Kiedy tylko wróciłam
do pałacu, wzięłam ciepłą kąpiel i zaszyłam się w swojej
komnacie.
Wpatrywałam się w
zaśnieżony krajobraz za oknem, który miał być dla mnie
wszystkim.
Nagle drzwi się
otwarły i w progu stanęła Nanae-hime.
- Możemy porozmawiać?
- zapytała.
- Oczywiście -
odparłam.
Białowłosa
przysiadła na skraju łóżka i spojrzała na mnie dziwnym wzrokiem.
- Co się stało? -
zapytałam.
- Dowiedziałam się,
że jesteś zdolna do opanowania jednego z najpotężniejszych
ocznych Kekkei Genkai, Shinjitsu - powiedziała.
- Nie rozumiem -
parsknęłam.
- Wszystko trzeba ci
tłumaczyć - powiedziała zirytowana. - Twoja matka, Laureeki była
członkinią klanu Ishi, z Iwa-Gakure. Shinjitsu to właśnie Kekkei
Genkai tego klanu, które pozwala na czytanie w duszy drugiej osoby.

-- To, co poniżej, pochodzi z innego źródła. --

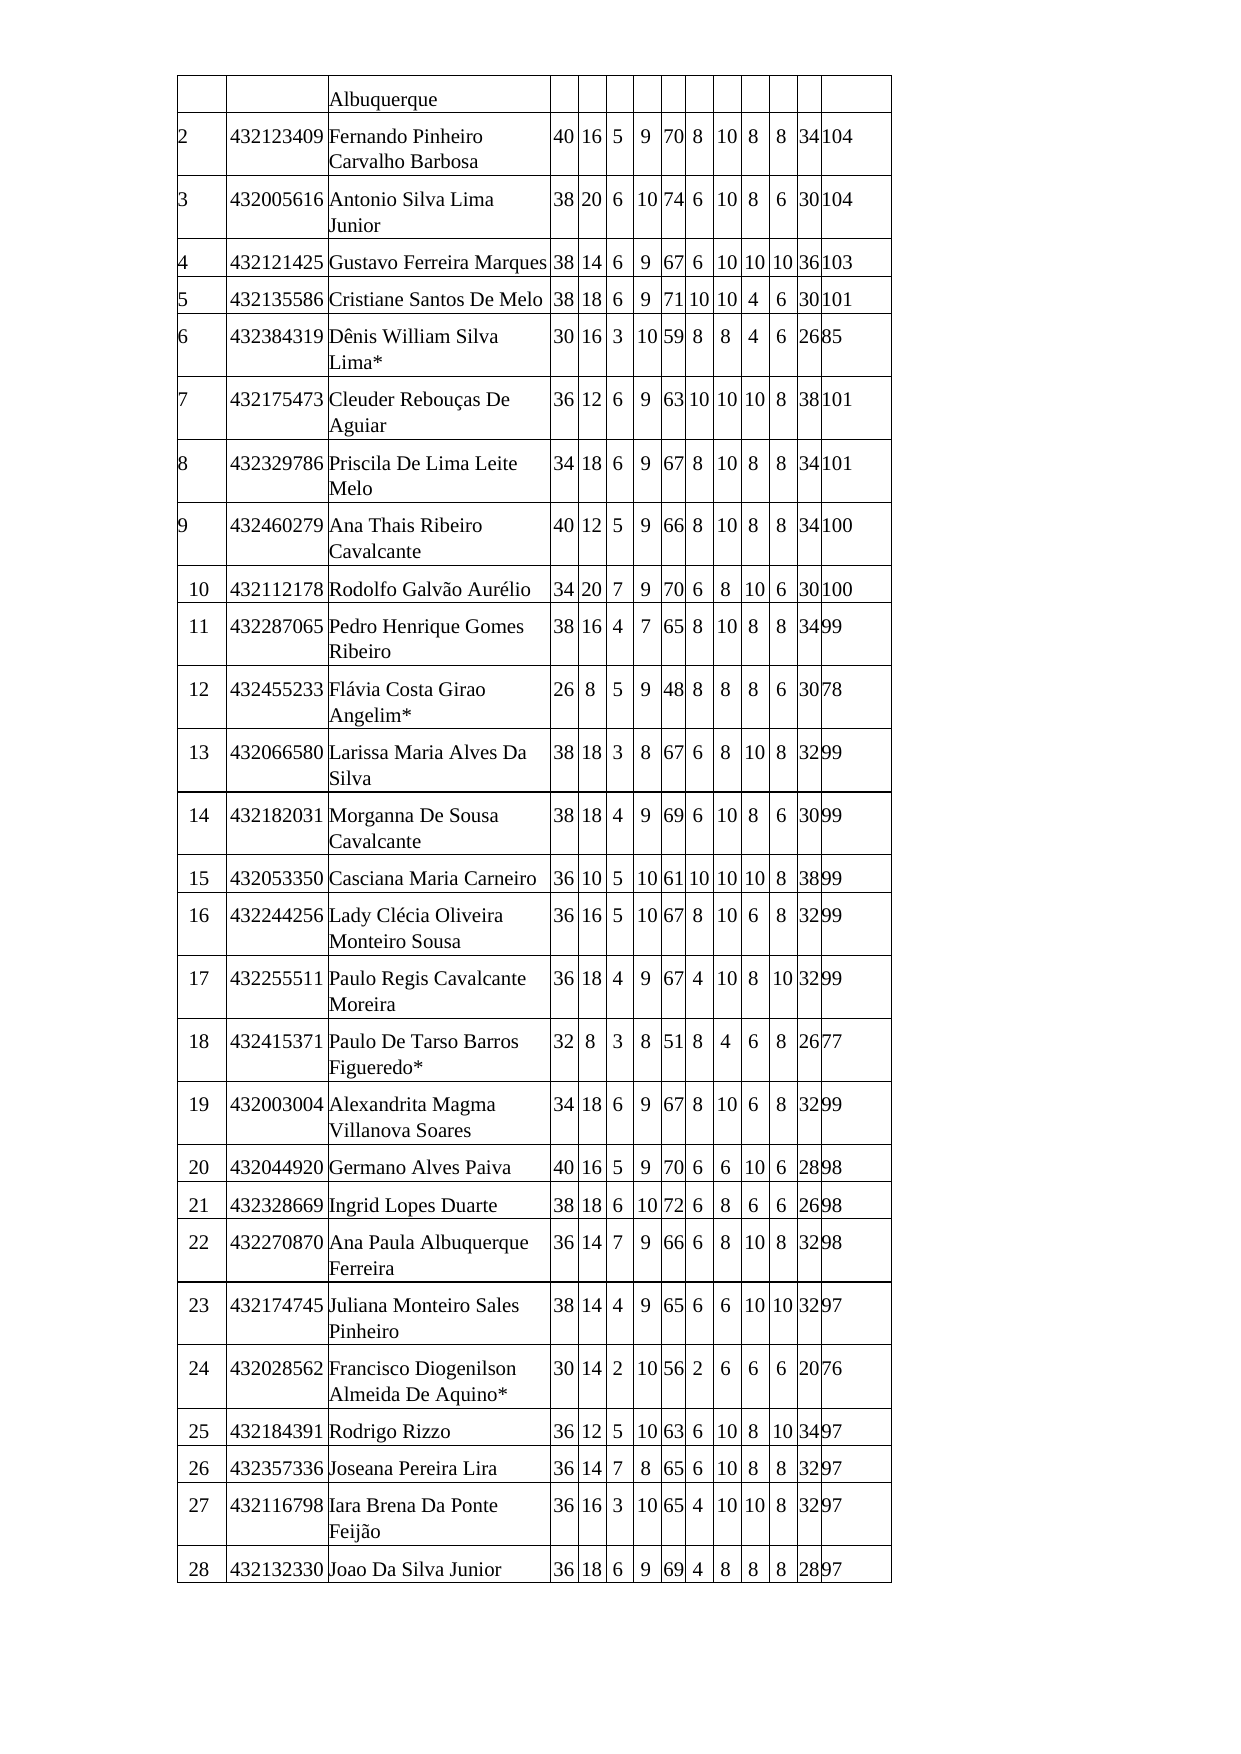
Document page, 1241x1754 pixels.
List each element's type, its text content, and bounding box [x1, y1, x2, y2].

table_cell 18 [579, 440, 606, 502]
table_cell 10 [714, 855, 741, 892]
table_cell 28 [178, 1546, 226, 1582]
table_cell 6 [770, 1345, 797, 1407]
table_cell 56 [662, 1345, 685, 1407]
table_cell 6 [686, 729, 713, 791]
table_cell Joao Da Silva Junior [329, 1546, 550, 1582]
table_cell 10 [634, 1345, 661, 1407]
table_cell 28 [798, 1145, 821, 1181]
table_cell 8 [178, 440, 226, 502]
table_cell 70 [662, 566, 685, 602]
table_cell 6 [686, 1145, 713, 1181]
table_cell 10 [714, 277, 741, 313]
table_cell 78 [822, 666, 891, 728]
table_cell 17 [178, 956, 226, 1018]
table_cell 5 [607, 1145, 633, 1181]
table_cell 432384319 [227, 314, 328, 376]
table_cell 6 [770, 1182, 797, 1218]
table_cell 38 [798, 855, 821, 892]
table_cell 10 [714, 503, 741, 565]
table_cell 36 [551, 1409, 578, 1445]
table_cell 66 [662, 1219, 685, 1281]
table_cell 6 [607, 176, 633, 238]
table_cell 27 [178, 1483, 226, 1545]
table_cell 99 [822, 855, 891, 892]
table_cell 10 [742, 1283, 769, 1344]
table_cell 36 [551, 893, 578, 955]
table_cell 18 [579, 729, 606, 791]
table_cell 103 [822, 239, 891, 276]
table_cell 10 [634, 1483, 661, 1545]
table_cell 6 [686, 1219, 713, 1281]
table_cell 21 [178, 1182, 226, 1218]
table_cell 8 [686, 503, 713, 565]
table_cell 10 [714, 1446, 741, 1482]
table_cell [551, 76, 578, 112]
table_cell 10 [714, 956, 741, 1018]
table_cell 99 [822, 872, 829, 884]
table_cell 432329786 [227, 440, 328, 502]
table_cell 8 [634, 1019, 661, 1081]
table_cell 5 [607, 1409, 633, 1445]
table_cell 432123409 [227, 113, 328, 175]
table_cell 7 [607, 566, 633, 602]
table_cell 30 [798, 566, 821, 602]
table_cell 38 [798, 377, 821, 439]
table_cell 99 [822, 972, 829, 984]
table_cell 12 [579, 503, 606, 565]
table_cell 6 [714, 1345, 741, 1407]
table_cell 18 [178, 1019, 226, 1081]
table_cell 10 [770, 1283, 797, 1344]
table_cell 8 [714, 1219, 741, 1281]
table_cell 432255511 [227, 956, 328, 1018]
table_cell 3 [607, 314, 633, 376]
table_cell 10 [579, 855, 606, 892]
table_cell 100 [822, 566, 891, 602]
table_cell 6 [178, 314, 226, 376]
table_cell 432270870 [227, 1219, 328, 1281]
table_cell 38 [551, 239, 578, 276]
table_cell 16 [579, 603, 606, 665]
table_cell 38 [551, 603, 578, 665]
table_cell 432244256 [227, 893, 328, 955]
table_cell 6 [686, 1446, 713, 1482]
table_cell [742, 76, 769, 112]
table_cell Fernando Pinheiro Carvalho Barbosa [329, 113, 550, 175]
table_cell Dênis William Silva Lima* [329, 314, 550, 376]
table_cell 6 [686, 176, 713, 238]
table_cell 432328669 [227, 1182, 328, 1218]
table_cell 8 [634, 1446, 661, 1482]
table_cell 8 [742, 666, 769, 728]
table_cell 432135586 [227, 277, 328, 313]
table_cell 13 [178, 729, 226, 791]
table_cell 6 [770, 666, 797, 728]
table_cell 32 [551, 1019, 578, 1081]
table_cell 10 [742, 1483, 769, 1545]
table_cell 10 [634, 1409, 661, 1445]
table_cell 432044920 [227, 1145, 328, 1181]
table_cell Iara Brena Da Ponte Feijão [329, 1483, 550, 1545]
table_cell 36 [551, 855, 578, 892]
table_cell 99 [822, 620, 829, 632]
table_cell 99 [822, 793, 891, 854]
table_cell Cleuder Rebouças De Aguiar [329, 377, 550, 439]
table_cell 8 [579, 1019, 606, 1081]
table_cell 30 [798, 277, 821, 313]
table_cell 99 [822, 956, 891, 1018]
table_cell 59 [662, 314, 685, 376]
table_cell 18 [579, 1182, 606, 1218]
table_cell 48 [662, 666, 685, 728]
table_cell 8 [742, 1446, 769, 1482]
table_cell 9 [634, 1145, 661, 1181]
table_cell 97 [822, 1283, 891, 1344]
table_cell 104 [822, 176, 891, 238]
table_cell 101 [822, 377, 891, 439]
table_cell 8 [714, 566, 741, 602]
table_cell 11 [178, 603, 226, 665]
table_cell 15 [178, 855, 226, 892]
table_cell 4 [686, 956, 713, 1018]
table_cell 18 [579, 793, 606, 854]
table_cell 36 [798, 239, 821, 276]
table_cell 6 [714, 1145, 741, 1181]
table_cell 8 [686, 893, 713, 955]
table_cell 23 [178, 1283, 226, 1344]
table_cell 65 [662, 603, 685, 665]
table_cell 7 [607, 1219, 633, 1281]
table_cell 6 [770, 176, 797, 238]
table_cell 10 [634, 1182, 661, 1218]
table_cell 7 [634, 603, 661, 665]
table_cell 10 [714, 603, 741, 665]
table_cell 9 [634, 377, 661, 439]
table_cell 8 [742, 113, 769, 175]
table_cell 99 [822, 1082, 891, 1144]
table_cell Lady Clécia Oliveira Monteiro Sousa [329, 893, 550, 955]
table_cell 98 [822, 1182, 891, 1218]
table_cell 16 [178, 893, 226, 955]
table_cell 10 [742, 729, 769, 791]
table_cell 67 [662, 1082, 685, 1144]
table_cell 36 [551, 1446, 578, 1482]
table_cell 32 [798, 1283, 821, 1344]
table_cell 74 [662, 176, 685, 238]
table_cell 36 [551, 1219, 578, 1281]
table_cell 9 [634, 113, 661, 175]
table_cell 432415371 [227, 1019, 328, 1081]
table_cell 98 [822, 1236, 829, 1248]
table_cell 432112178 [227, 566, 328, 602]
table_cell [178, 76, 226, 112]
table_cell 9 [634, 503, 661, 565]
table_cell 26 [798, 1019, 821, 1081]
table_cell 8 [770, 1019, 797, 1081]
table_cell 8 [686, 603, 713, 665]
table_cell 30 [798, 666, 821, 728]
table_cell 61 [662, 855, 685, 892]
table_cell 8 [770, 729, 797, 791]
table_cell 8 [770, 893, 797, 955]
table_cell 8 [770, 1483, 797, 1545]
table_cell 6 [742, 1182, 769, 1218]
table_cell 432066580 [227, 729, 328, 791]
table_cell 9 [634, 1219, 661, 1281]
table_cell 22 [178, 1219, 226, 1281]
table_cell 63 [662, 377, 685, 439]
table_cell 69 [662, 793, 685, 854]
table_cell 10 [742, 566, 769, 602]
table_cell 10 [770, 1409, 797, 1445]
table_cell 10 [634, 893, 661, 955]
table_cell 16 [579, 893, 606, 955]
table_cell [686, 76, 713, 112]
table_cell 8 [714, 666, 741, 728]
table_cell 8 [686, 113, 713, 175]
table_cell Francisco Diogenilson Almeida De Aquino* [329, 1345, 550, 1407]
table_cell 67 [662, 956, 685, 1018]
table_cell 9 [634, 566, 661, 602]
table_cell 6 [742, 1082, 769, 1144]
table_cell 432132330 [227, 1546, 328, 1582]
table_cell 10 [742, 1219, 769, 1281]
table_cell 5 [607, 503, 633, 565]
table_cell 8 [742, 1409, 769, 1445]
table_cell 6 [770, 1145, 797, 1181]
table_cell Ana Thais Ribeiro Cavalcante [329, 503, 550, 565]
table_cell 85 [822, 314, 891, 376]
table_cell 9 [634, 239, 661, 276]
table_cell Alexandrita Magma Villanova Soares [329, 1082, 550, 1144]
table_cell 10 [742, 1145, 769, 1181]
table_cell 98 [822, 1145, 891, 1181]
table_cell 101 [822, 440, 891, 502]
table_cell 14 [579, 1283, 606, 1344]
table_cell 6 [770, 566, 797, 602]
table_cell 16 [579, 314, 606, 376]
table_cell 432460279 [227, 503, 328, 565]
table_cell 40 [551, 1145, 578, 1181]
table_cell 10 [742, 239, 769, 276]
table_cell 65 [662, 1483, 685, 1545]
table_cell 8 [770, 1446, 797, 1482]
table_cell 97 [822, 1425, 829, 1437]
table_cell 8 [770, 855, 797, 892]
table_cell 97 [822, 1299, 829, 1311]
table_cell 12 [579, 377, 606, 439]
table_cell 6 [770, 793, 797, 854]
table_cell 10 [686, 855, 713, 892]
table_cell 97 [822, 1546, 891, 1582]
table_cell 18 [579, 277, 606, 313]
table_cell 6 [714, 1283, 741, 1344]
table_cell 18 [579, 1546, 606, 1582]
table_cell 6 [742, 1019, 769, 1081]
table_cell 10 [714, 440, 741, 502]
table_cell 30 [551, 1345, 578, 1407]
table_cell 6 [686, 566, 713, 602]
table_cell 8 [742, 793, 769, 854]
table_cell 38 [551, 277, 578, 313]
table_cell 9 [178, 503, 226, 565]
table_cell Priscila De Lima Leite Melo [329, 440, 550, 502]
table_cell 67 [662, 729, 685, 791]
table_cell 12 [579, 1409, 606, 1445]
table_cell 25 [178, 1409, 226, 1445]
table_cell Rodrigo Rizzo [329, 1409, 550, 1445]
table_cell 8 [742, 440, 769, 502]
table_cell 10 [634, 176, 661, 238]
table_cell 432116798 [227, 1483, 328, 1545]
table_cell 32 [798, 893, 821, 955]
table_cell 10 [714, 1409, 741, 1445]
table_cell 34 [551, 1082, 578, 1144]
table_cell 8 [686, 314, 713, 376]
table_cell 26 [798, 314, 821, 376]
table_cell 34 [551, 566, 578, 602]
table_cell 6 [607, 1082, 633, 1144]
table_cell Larissa Maria Alves Da Silva [329, 729, 550, 791]
table_cell 76 [822, 1345, 891, 1407]
table_cell 7 [178, 377, 226, 439]
table_cell [579, 76, 606, 112]
table_cell 8 [686, 440, 713, 502]
table_cell Pedro Henrique Gomes Ribeiro [329, 603, 550, 665]
table_cell 98 [822, 1161, 829, 1173]
table_cell 98 [822, 1219, 891, 1281]
table_cell 99 [822, 893, 891, 955]
table_cell 8 [686, 666, 713, 728]
table_cell 101 [822, 277, 891, 313]
table_cell 3 [607, 1483, 633, 1545]
table_cell 10 [714, 793, 741, 854]
table_cell 432287065 [227, 603, 328, 665]
table_cell Morganna De Sousa Cavalcante [329, 793, 550, 854]
table_cell 9 [634, 440, 661, 502]
table_cell 14 [579, 1219, 606, 1281]
table_cell 6 [686, 239, 713, 276]
table_cell Antonio Silva Lima Junior [329, 176, 550, 238]
table_cell 99 [822, 809, 829, 821]
table_cell 32 [798, 1082, 821, 1144]
table_cell 97 [822, 1446, 891, 1482]
table_cell 3 [607, 729, 633, 791]
table_cell 38 [798, 76, 821, 112]
table_cell 6 [607, 1546, 633, 1582]
table_cell 28 [798, 1546, 821, 1582]
table_cell 32 [798, 956, 821, 1018]
table_cell 6 [607, 440, 633, 502]
table_cell 10 [714, 176, 741, 238]
table_cell 99 [822, 603, 891, 665]
table_cell 63 [662, 1409, 685, 1445]
table_cell 6 [742, 893, 769, 955]
table_cell 10 [770, 239, 797, 276]
table_cell 67 [662, 440, 685, 502]
table_cell 65 [662, 1446, 685, 1482]
table_cell 14 [178, 793, 226, 854]
table_cell 8 [579, 666, 606, 728]
table_cell 38 [551, 729, 578, 791]
table_cell Joseana Pereira Lira [329, 1446, 550, 1482]
table_cell 97 [822, 1409, 891, 1445]
table_cell 4 [178, 239, 226, 276]
table_cell Ana Paula Albuquerque Ferreira [329, 1219, 550, 1281]
table_cell 432357336 [227, 1446, 328, 1482]
table_cell 30 [798, 793, 821, 854]
table_cell 10 [686, 277, 713, 313]
table_cell 10 [714, 377, 741, 439]
table_cell 4 [607, 956, 633, 1018]
table_cell Paulo Regis Cavalcante Moreira [329, 956, 550, 1018]
table_cell 16 [579, 1145, 606, 1181]
table_cell 8 [742, 603, 769, 665]
table_cell 99 [822, 746, 829, 758]
table_cell 67 [662, 893, 685, 955]
table_cell 8 [686, 1082, 713, 1144]
table_cell 34 [798, 440, 821, 502]
table_cell 6 [686, 1283, 713, 1344]
table_cell 10 [714, 893, 741, 955]
table_cell 30 [551, 314, 578, 376]
table_cell 105 [822, 76, 891, 112]
table_cell 2 [178, 113, 226, 175]
table_cell 6 [686, 1409, 713, 1445]
table_cell [662, 76, 685, 112]
table_cell 432184391 [227, 1409, 328, 1445]
table_cell 432003004 [227, 1082, 328, 1144]
table_cell 9 [634, 956, 661, 1018]
table_cell 9 [634, 277, 661, 313]
table_cell [607, 76, 633, 112]
table_cell 36 [551, 956, 578, 1018]
table_cell 8 [770, 1082, 797, 1144]
table_cell [634, 76, 661, 112]
table_cell 32 [798, 1446, 821, 1482]
table_cell 34 [798, 113, 821, 175]
table_cell 26 [551, 666, 578, 728]
table_cell 100 [822, 503, 891, 565]
table_cell 10 [714, 239, 741, 276]
table_cell 4 [686, 1546, 713, 1582]
table_cell 10 [686, 377, 713, 439]
table_cell 24 [178, 1345, 226, 1407]
table_cell 8 [742, 1546, 769, 1582]
table_cell 4 [714, 1019, 741, 1081]
table_cell 10 [714, 1483, 741, 1545]
table_cell 97 [822, 1563, 829, 1575]
table_cell Cristiane Santos De Melo [329, 277, 550, 313]
table_cell 9 [634, 793, 661, 854]
table_cell 8 [770, 440, 797, 502]
table_cell [227, 76, 328, 112]
table_cell 16 [579, 1483, 606, 1545]
table_cell 432121425 [227, 239, 328, 276]
table_cell Ingrid Lopes Duarte [329, 1182, 550, 1218]
table_cell 32 [798, 1483, 821, 1545]
table_cell 30 [798, 176, 821, 238]
table_cell 38 [551, 1182, 578, 1218]
table_cell 8 [714, 729, 741, 791]
table_cell 8 [742, 503, 769, 565]
table_cell 8 [714, 1546, 741, 1582]
table_cell 8 [770, 503, 797, 565]
table_cell 6 [686, 793, 713, 854]
table_cell 99 [822, 1098, 829, 1110]
table_cell 7 [607, 1446, 633, 1482]
table_cell 34 [798, 1409, 821, 1445]
table_cell 6 [770, 314, 797, 376]
table_cell Juliana Monteiro Sales Pinheiro [329, 1283, 550, 1344]
table_cell 19 [178, 1082, 226, 1144]
table_cell 18 [579, 1082, 606, 1144]
table_cell 5 [607, 113, 633, 175]
table_cell 18 [579, 956, 606, 1018]
table_cell Paulo De Tarso Barros Figueredo* [329, 1019, 550, 1081]
table_cell 8 [686, 1019, 713, 1081]
table_cell 432455233 [227, 666, 328, 728]
table_cell 432174745 [227, 1283, 328, 1344]
table_cell 432005616 [227, 176, 328, 238]
table_cell 432053350 [227, 855, 328, 892]
table_cell 4 [686, 1483, 713, 1545]
table_cell 70 [662, 1145, 685, 1181]
table_cell 8 [770, 113, 797, 175]
table_cell 36 [551, 377, 578, 439]
table_cell 10 [770, 956, 797, 1018]
table_cell Rodolfo Galvão Aurélio [329, 566, 550, 602]
table_cell 26 [798, 1182, 821, 1218]
table_cell 14 [579, 1446, 606, 1482]
table_cell 4 [607, 1283, 633, 1344]
table_cell 6 [607, 239, 633, 276]
table_cell 6 [607, 1182, 633, 1218]
table_cell 36 [551, 1546, 578, 1582]
table_cell 67 [662, 239, 685, 276]
table_cell 40 [551, 503, 578, 565]
table_cell 5 [607, 893, 633, 955]
table_cell 20 [798, 1345, 821, 1407]
table_cell Albuquerque [329, 76, 550, 112]
table_cell Gustavo Ferreira Marques [329, 239, 550, 276]
table_cell 98 [822, 1199, 829, 1211]
table_cell 66 [662, 503, 685, 565]
table_cell 8 [714, 1182, 741, 1218]
table_cell 38 [551, 793, 578, 854]
table_cell 20 [579, 176, 606, 238]
table_cell 97 [822, 1483, 891, 1545]
table_cell 8 [714, 314, 741, 376]
table_cell 99 [822, 909, 829, 921]
table_cell 432182031 [227, 793, 328, 854]
table_cell 38 [551, 176, 578, 238]
table_cell 77 [822, 1019, 891, 1081]
table_cell 9 [634, 1283, 661, 1344]
table_cell 8 [770, 603, 797, 665]
table_cell 14 [579, 239, 606, 276]
table_cell 4 [607, 603, 633, 665]
table_cell [714, 76, 741, 112]
table_cell 5 [607, 666, 633, 728]
table_cell 8 [770, 377, 797, 439]
table_cell Flávia Costa Girao Angelim* [329, 666, 550, 728]
table_cell 20 [579, 566, 606, 602]
table_cell 20 [178, 1145, 226, 1181]
table_cell 9 [634, 666, 661, 728]
table_cell 6 [607, 277, 633, 313]
table_cell 34 [798, 603, 821, 665]
table_cell 3 [607, 1019, 633, 1081]
table_cell 38 [551, 1283, 578, 1344]
table_cell 432175473 [227, 377, 328, 439]
table_cell 71 [662, 277, 685, 313]
table_cell 34 [798, 503, 821, 565]
table_cell 16 [579, 113, 606, 175]
table_cell 6 [770, 277, 797, 313]
table_cell 99 [822, 729, 891, 791]
table_cell 10 [178, 566, 226, 602]
table_cell 9 [634, 1082, 661, 1144]
table_cell 10 [634, 314, 661, 376]
table_cell 32 [798, 729, 821, 791]
table_cell 72 [662, 1182, 685, 1218]
table_cell 40 [551, 113, 578, 175]
table_cell 69 [662, 1546, 685, 1582]
table_cell 3 [178, 176, 226, 238]
table_cell 97 [822, 1462, 829, 1474]
table_cell 97 [822, 1499, 829, 1511]
table_cell [770, 76, 797, 112]
table_cell 8 [742, 176, 769, 238]
table_cell Germano Alves Paiva [329, 1145, 550, 1181]
table_cell 10 [742, 855, 769, 892]
table_cell 32 [798, 1219, 821, 1281]
table_cell 70 [662, 113, 685, 175]
table_cell 36 [551, 1483, 578, 1545]
table_cell 6 [686, 1182, 713, 1218]
table_cell 8 [742, 956, 769, 1018]
table_cell 4 [742, 277, 769, 313]
table_cell 104 [822, 113, 891, 175]
table_cell 14 [579, 1345, 606, 1407]
table_cell 65 [662, 1283, 685, 1344]
table_cell 2 [686, 1345, 713, 1407]
table_cell 4 [607, 793, 633, 854]
table_cell 9 [634, 1546, 661, 1582]
table_cell 8 [770, 1219, 797, 1281]
table_cell 4 [742, 314, 769, 376]
table_cell 5 [178, 277, 226, 313]
table_cell 10 [714, 1082, 741, 1144]
table_cell 10 [742, 377, 769, 439]
table_cell 5 [607, 855, 633, 892]
table_cell 51 [662, 1019, 685, 1081]
table_cell 10 [714, 113, 741, 175]
table_cell 432028562 [227, 1345, 328, 1407]
table_cell 8 [634, 729, 661, 791]
table_cell 34 [551, 440, 578, 502]
table_cell 10 [634, 855, 661, 892]
table_cell 6 [742, 1345, 769, 1407]
table_cell 12 [178, 666, 226, 728]
table_cell 2 [607, 1345, 633, 1407]
table_cell 26 [178, 1446, 226, 1482]
table_cell 6 [607, 377, 633, 439]
table_cell Casciana Maria Carneiro [329, 855, 550, 892]
table_cell 8 [770, 1546, 797, 1582]

Wszystko, co jest ci potrzebne - wyjaśniła.
- Teraz rozumiem -
powiedziałam głupio.
- Usiądź -
powiedziała, klepiąc miejsce obok siebie.
Przytaknęłam ruchem
głowy i wykonałam jej polecenie, a księżniczka przytuliła mnie.
- Twoje serce tęskni,
ponieważ wybrało już drugą połówkę - powiedziała smutno.
- Hito…Hito…
~*~
- Hito… Hito… -
usłyszałem swoje imię.
Blondynka była tak
zmęczona psychicznie, że zasnęła na moich rękach. Zaraz po
wejściu na pokład statku, zszedłem z nią pod pokład i położyłem
ją na pryczy, sam usiadłem obok na ziemi, i zapaliłem papierosa.
Kiedy się odezwała,
tytoń wypadł z moich ust i upadł na podłogę. Pochyliłem się
nad dziewczyną, próbując wyczytać cokolwiek z jej twarzy, lecz
łza mnie zdekoncentrowała. Spływała ona po jej policzku. Ni stąd,
ni zowąd jej wyraz twarzy zmienił się diametralnie. Ze spokojnej
na pełną bólu.
Złapałem ją za ramiona
i potrząsnąłem. Mruknęła coś niezrozumiałego pod nosem.
Odsunąłem się lekko.
- Yuki – zawołałem.
Nekozawa rozwarła lekko
swoje powieki, odsłaniając swoje piękne kocie oczy. Odwróciła
głowę w moją stronę.
- Hito... - szepnęła, a
jej oczy zaczęły się szklić.
Rzuciła się na mnie i
zaczęła płakać z każdą chwilą coraz bardziej.
Przez moment siedziałem
sparaliżowany, a potem przytuliłem ją mocno. Wdychałem przyjemny
zapach jej włosów. Jedną ręką zacząłem masować ją po
ramieniu. Nie miała zamiaru się uspokoić.
Siedziałem z nią na
podłodze, kiedy z góry zszedł Yo, który był zdziwiony.
- Co się stało? -
zapytał.
- Nie wiem do końca.
Masz coś na uspokojenie? - zapytałem.
- Zaraz coś zrobię -
oznajmił.
- „Zrobisz”? -
powtórzyłem.
- Jestem medykiem -
oznajmił z ciepłym i sympatycznym uśmiechem.
- Dobrze mieć, kogoś
takiego w drużynie - powiedziałem zadowolony, wracając wzrokiem do
Yuki.
Płakała, a ja nie
potrafiłem nic zrobić. Szeptałem jej do ucha miłe słowa.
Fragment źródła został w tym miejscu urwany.